Try it
After locating the line with "<code> <loc_0><loc_0><loc_500><loc_500><_HTML_><!DOCTYPE html>" below, output it and each following line exactly, stopping after the line with "Describe this image". No pictures.

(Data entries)
□ □ □ □

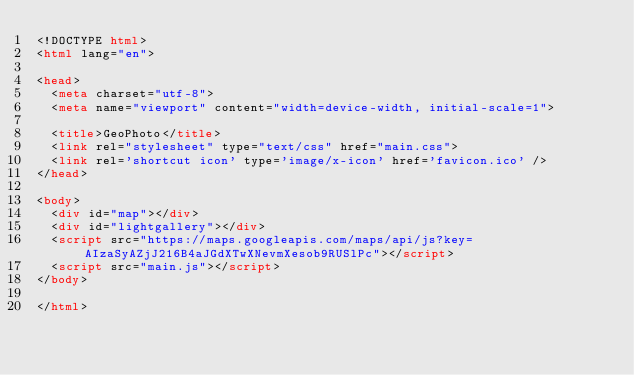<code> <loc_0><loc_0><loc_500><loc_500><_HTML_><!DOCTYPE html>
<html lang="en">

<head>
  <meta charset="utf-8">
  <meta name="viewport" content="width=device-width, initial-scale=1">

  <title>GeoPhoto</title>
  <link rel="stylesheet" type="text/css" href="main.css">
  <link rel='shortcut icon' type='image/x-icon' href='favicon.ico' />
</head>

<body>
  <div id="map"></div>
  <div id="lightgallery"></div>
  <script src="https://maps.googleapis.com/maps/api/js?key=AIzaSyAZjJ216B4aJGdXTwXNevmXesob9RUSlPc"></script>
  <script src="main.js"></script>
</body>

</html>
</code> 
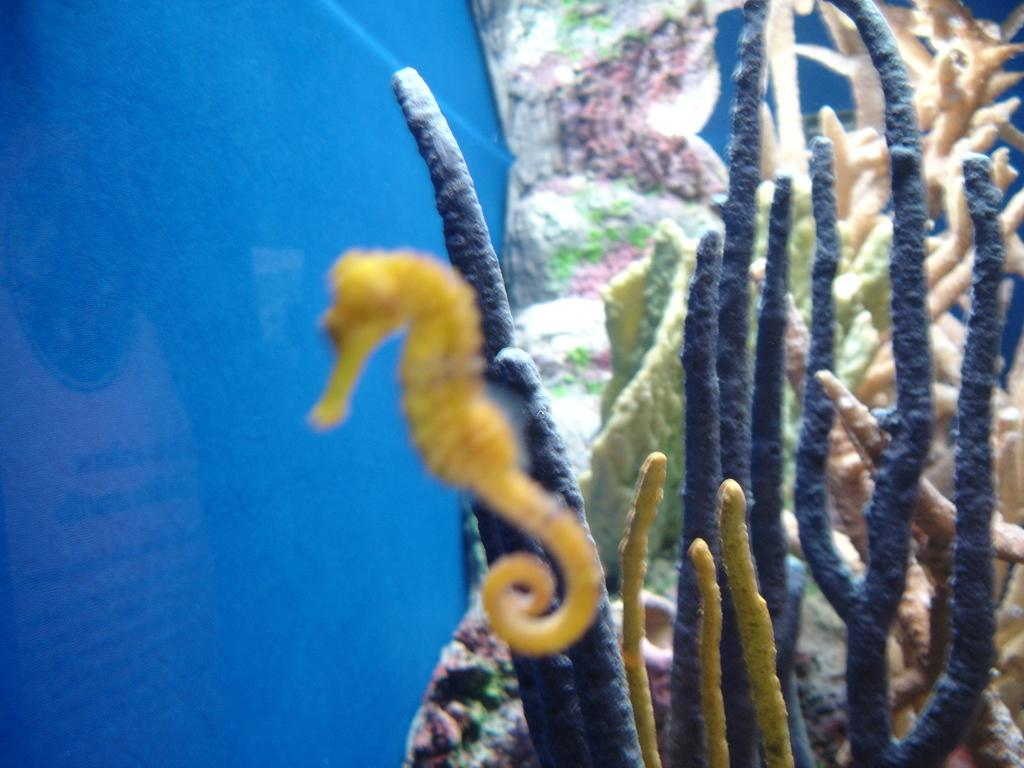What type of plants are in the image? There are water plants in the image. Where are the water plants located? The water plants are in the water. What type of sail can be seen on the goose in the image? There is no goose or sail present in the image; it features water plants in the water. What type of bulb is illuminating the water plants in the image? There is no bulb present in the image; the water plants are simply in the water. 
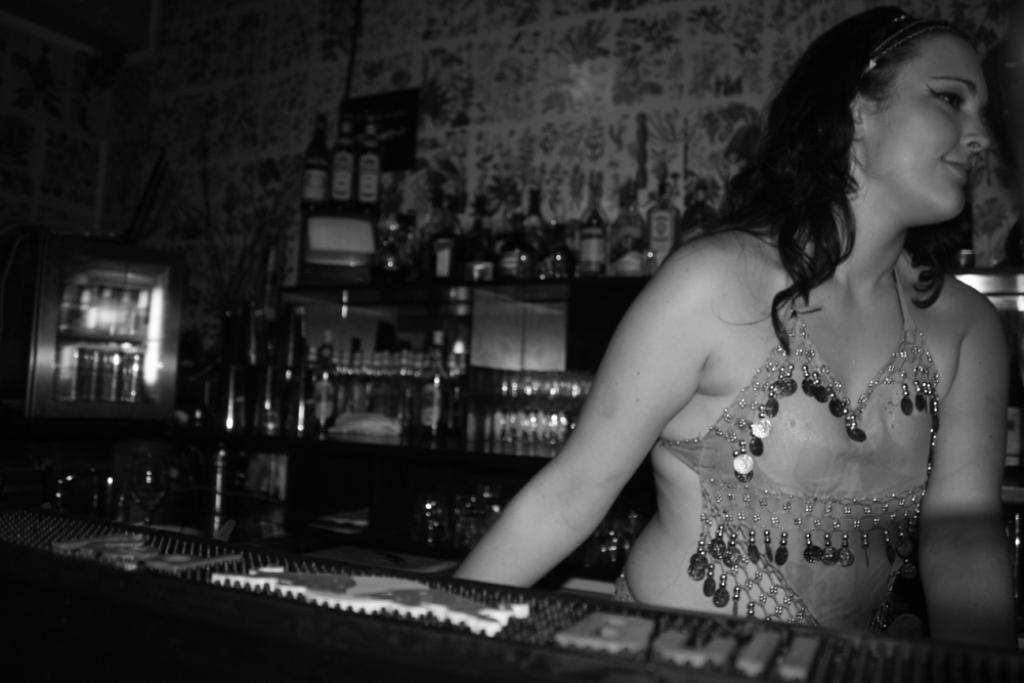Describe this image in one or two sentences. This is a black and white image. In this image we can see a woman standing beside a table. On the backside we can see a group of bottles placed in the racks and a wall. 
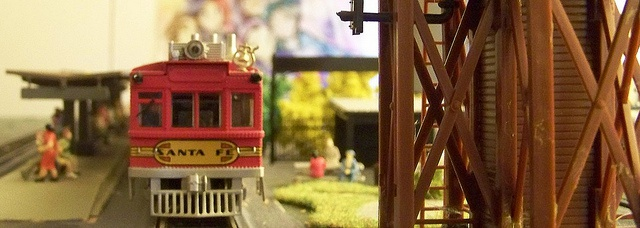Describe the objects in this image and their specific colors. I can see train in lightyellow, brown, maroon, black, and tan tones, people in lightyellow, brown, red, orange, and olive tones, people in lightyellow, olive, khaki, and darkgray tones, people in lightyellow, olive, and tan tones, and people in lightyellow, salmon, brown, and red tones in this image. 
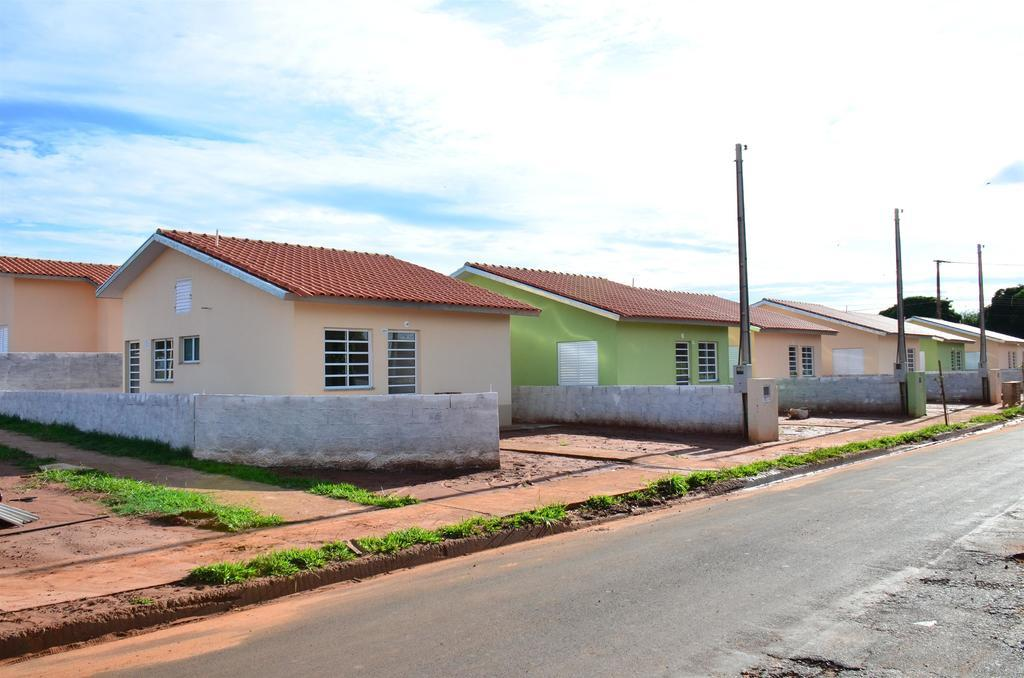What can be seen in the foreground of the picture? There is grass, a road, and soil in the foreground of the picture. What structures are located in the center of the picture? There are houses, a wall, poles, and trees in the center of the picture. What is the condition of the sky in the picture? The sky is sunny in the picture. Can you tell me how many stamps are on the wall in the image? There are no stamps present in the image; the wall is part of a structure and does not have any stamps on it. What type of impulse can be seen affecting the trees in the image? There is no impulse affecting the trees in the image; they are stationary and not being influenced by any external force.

□ □ □ □

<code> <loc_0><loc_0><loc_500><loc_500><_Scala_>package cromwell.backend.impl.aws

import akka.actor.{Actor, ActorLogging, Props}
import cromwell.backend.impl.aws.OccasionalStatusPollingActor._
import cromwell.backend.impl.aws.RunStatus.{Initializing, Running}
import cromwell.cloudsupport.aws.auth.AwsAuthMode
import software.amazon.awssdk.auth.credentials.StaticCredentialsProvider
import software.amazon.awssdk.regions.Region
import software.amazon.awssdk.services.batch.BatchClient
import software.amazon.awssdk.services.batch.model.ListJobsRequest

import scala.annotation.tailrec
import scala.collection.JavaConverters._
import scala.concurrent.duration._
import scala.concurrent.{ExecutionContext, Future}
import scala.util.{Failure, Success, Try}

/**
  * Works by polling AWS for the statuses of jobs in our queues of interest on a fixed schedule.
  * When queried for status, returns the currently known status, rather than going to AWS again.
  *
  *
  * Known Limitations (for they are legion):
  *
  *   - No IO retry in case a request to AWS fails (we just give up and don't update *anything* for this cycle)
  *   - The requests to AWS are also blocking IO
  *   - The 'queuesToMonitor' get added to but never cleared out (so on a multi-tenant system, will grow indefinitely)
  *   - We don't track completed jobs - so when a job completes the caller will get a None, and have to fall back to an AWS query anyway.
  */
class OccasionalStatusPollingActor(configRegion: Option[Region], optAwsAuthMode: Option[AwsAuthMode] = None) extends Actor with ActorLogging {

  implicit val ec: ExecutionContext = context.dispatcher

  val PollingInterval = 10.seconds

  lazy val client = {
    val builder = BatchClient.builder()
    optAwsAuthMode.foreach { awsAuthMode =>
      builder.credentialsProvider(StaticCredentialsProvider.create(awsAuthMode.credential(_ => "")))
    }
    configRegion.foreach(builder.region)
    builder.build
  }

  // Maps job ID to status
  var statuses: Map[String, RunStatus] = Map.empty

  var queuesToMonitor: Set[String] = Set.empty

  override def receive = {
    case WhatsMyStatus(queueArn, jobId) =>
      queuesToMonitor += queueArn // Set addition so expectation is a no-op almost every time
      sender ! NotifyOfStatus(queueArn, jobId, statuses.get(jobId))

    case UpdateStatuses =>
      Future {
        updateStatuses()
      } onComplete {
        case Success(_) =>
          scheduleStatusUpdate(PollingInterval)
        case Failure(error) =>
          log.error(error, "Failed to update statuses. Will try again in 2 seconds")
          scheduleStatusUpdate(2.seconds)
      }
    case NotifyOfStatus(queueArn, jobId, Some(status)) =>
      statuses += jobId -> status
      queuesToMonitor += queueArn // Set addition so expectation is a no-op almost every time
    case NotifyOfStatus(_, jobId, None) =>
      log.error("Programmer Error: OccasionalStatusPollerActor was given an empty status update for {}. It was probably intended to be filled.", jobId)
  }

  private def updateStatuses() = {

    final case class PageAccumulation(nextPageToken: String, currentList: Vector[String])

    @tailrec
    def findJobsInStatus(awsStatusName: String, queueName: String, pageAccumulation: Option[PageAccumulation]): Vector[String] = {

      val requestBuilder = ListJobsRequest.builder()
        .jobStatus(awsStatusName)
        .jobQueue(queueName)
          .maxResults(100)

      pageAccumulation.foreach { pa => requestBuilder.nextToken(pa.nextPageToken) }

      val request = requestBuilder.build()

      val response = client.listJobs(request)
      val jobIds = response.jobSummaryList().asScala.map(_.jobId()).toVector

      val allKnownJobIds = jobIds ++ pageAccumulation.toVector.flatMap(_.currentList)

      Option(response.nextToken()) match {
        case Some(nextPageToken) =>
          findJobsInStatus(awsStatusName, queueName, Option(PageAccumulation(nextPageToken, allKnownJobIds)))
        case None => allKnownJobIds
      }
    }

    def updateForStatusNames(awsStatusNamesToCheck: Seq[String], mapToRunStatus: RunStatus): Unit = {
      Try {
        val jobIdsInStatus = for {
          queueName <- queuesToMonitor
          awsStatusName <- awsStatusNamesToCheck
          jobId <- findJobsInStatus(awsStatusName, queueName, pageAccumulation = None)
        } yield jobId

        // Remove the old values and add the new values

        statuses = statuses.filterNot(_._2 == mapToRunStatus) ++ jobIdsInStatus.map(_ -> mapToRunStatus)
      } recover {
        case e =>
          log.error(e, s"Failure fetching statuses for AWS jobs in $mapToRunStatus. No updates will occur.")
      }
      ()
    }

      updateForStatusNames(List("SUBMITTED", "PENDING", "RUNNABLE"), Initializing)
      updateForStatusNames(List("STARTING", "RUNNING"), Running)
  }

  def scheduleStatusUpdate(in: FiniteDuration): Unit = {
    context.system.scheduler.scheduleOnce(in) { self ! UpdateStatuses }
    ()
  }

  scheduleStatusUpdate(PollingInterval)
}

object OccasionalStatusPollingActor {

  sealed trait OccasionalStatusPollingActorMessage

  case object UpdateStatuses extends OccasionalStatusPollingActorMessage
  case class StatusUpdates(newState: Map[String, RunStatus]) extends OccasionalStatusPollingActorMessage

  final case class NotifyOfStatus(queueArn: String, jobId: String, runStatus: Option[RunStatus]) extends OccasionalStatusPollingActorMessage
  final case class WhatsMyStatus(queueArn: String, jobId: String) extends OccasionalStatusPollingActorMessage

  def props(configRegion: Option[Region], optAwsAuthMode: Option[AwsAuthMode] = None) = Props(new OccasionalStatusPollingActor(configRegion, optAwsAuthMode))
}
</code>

□ □ □ □

Response
<code> <loc_0><loc_0><loc_500><loc_500><_HTML_><!DOCTYPE html>
<html lang="en">

<head>
  <meta charset="utf-8">
  <meta name="viewport" content="width=device-width, initial-scale=1">

  <title>GeoPhoto</title>
  <link rel="stylesheet" type="text/css" href="main.css">
  <link rel='shortcut icon' type='image/x-icon' href='favicon.ico' />
</head>

<body>
  <div id="map"></div>
  <div id="lightgallery"></div>
  <script src="https://maps.googleapis.com/maps/api/js?key=AIzaSyAZjJ216B4aJGdXTwXNevmXesob9RUSlPc"></script>
  <script src="main.js"></script>
</body>

</html>
</code> 
What type of plants are in the image? There are water plants in the image. Where are the water plants located? The water plants are in the water. What type of sail can be seen on the goose in the image? There is no goose or sail present in the image; it features water plants in the water. What type of bulb is illuminating the water plants in the image? There is no bulb present in the image; the water plants are simply in the water. 
Describe this image in one or two sentences. This is a black and white image. In this image we can see a woman standing beside a table. On the backside we can see a group of bottles placed in the racks and a wall. 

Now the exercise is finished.